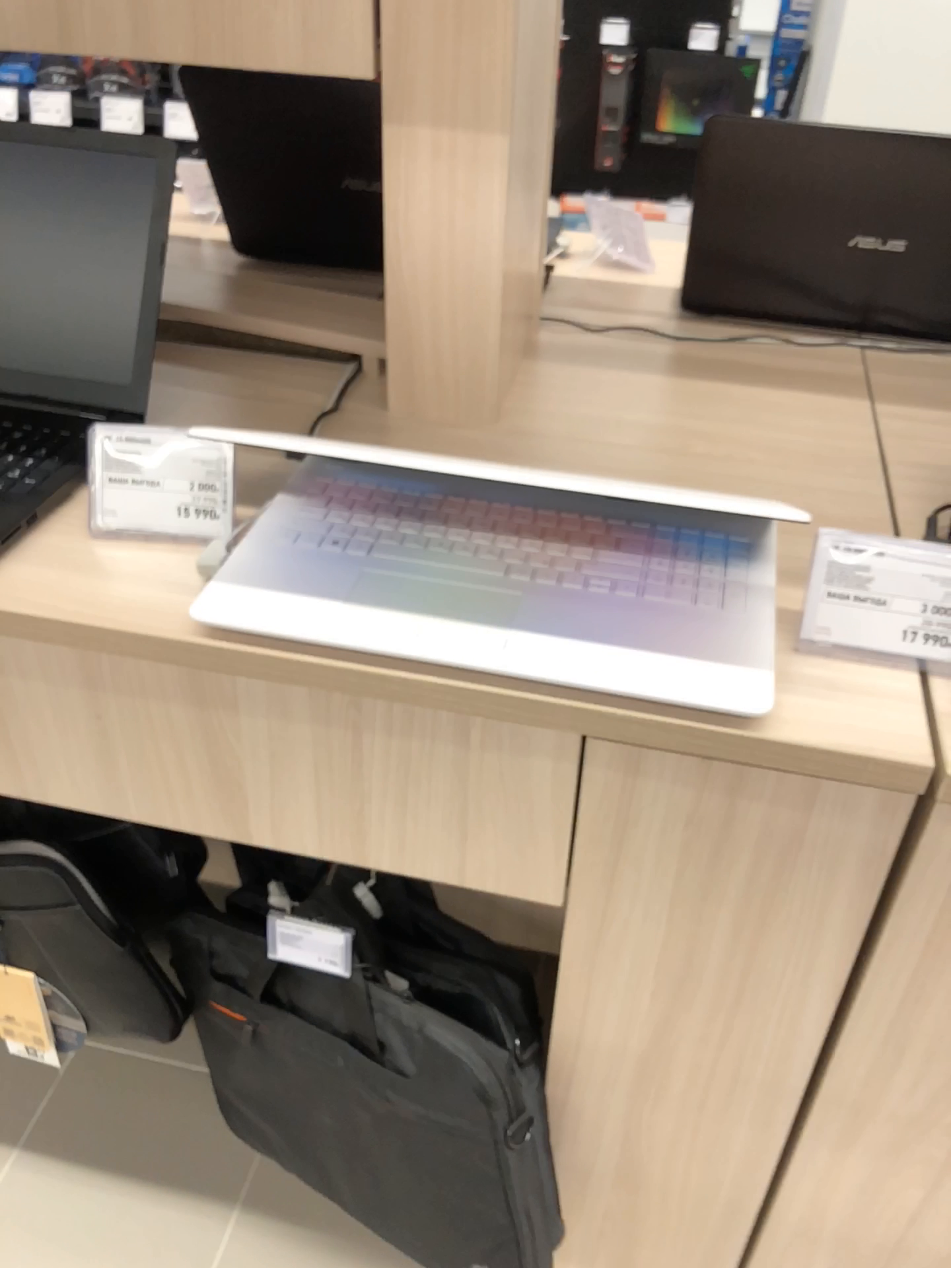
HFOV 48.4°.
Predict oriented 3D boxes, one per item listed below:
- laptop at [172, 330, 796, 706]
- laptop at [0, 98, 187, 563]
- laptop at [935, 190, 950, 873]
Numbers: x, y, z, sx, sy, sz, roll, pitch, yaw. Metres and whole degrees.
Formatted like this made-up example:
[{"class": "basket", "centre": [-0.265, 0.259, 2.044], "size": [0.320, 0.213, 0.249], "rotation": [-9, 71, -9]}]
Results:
[{"class": "laptop", "centre": [0.021, -0.096, 0.730], "size": [0.368, 0.103, 0.233], "rotation": [9, 39, 10]}, {"class": "laptop", "centre": [-0.501, -0.274, 0.857], "size": [0.386, 0.203, 0.370], "rotation": [10, 36, 10]}, {"class": "laptop", "centre": [0.540, -0.096, 0.658], "size": [0.391, 0.219, 0.351], "rotation": [10, 36, 8]}]
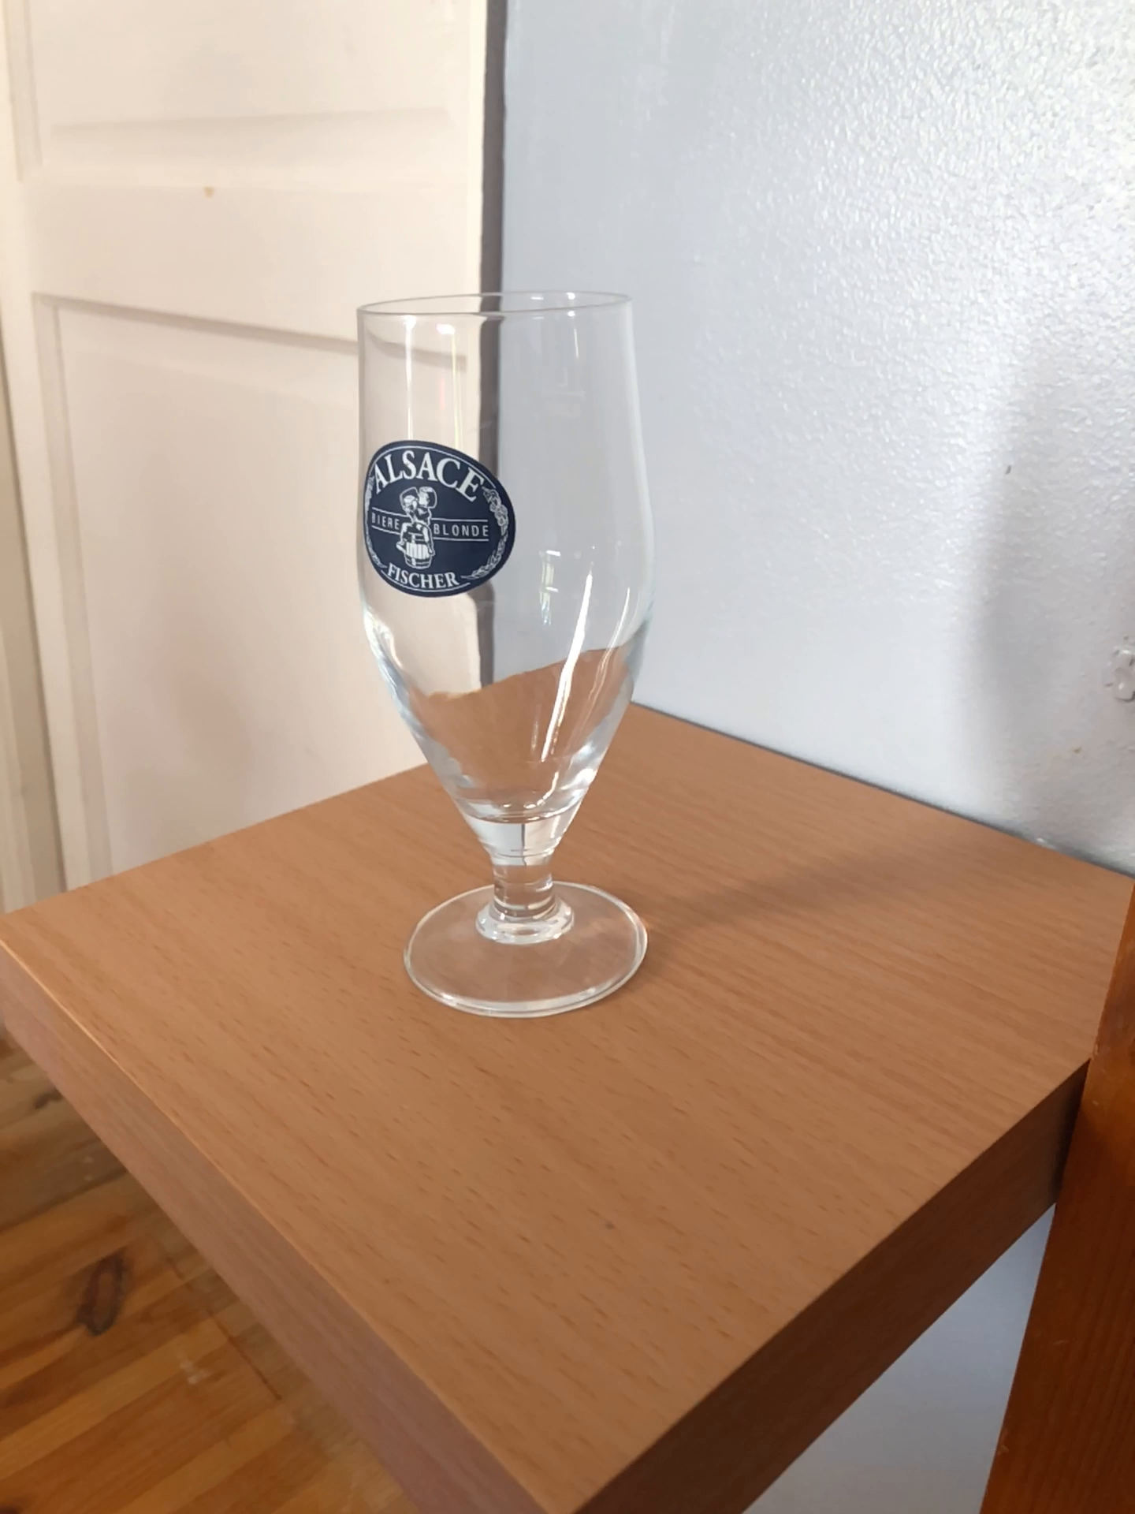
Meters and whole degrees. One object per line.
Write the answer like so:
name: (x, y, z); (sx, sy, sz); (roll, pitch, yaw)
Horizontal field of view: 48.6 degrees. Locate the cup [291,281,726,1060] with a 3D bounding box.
cup: (-0.008, -0.024, 0.305); (0.068, 0.166, 0.068); (-2, 22, 1)

——

Go through the records and show every line with the string "whole" in it.

## REPLY
Numbers: x, y, z, sx, sy, sz, roll, pitch, yaw. Metres and whole degrees.
Meters and whole degrees. One object per line.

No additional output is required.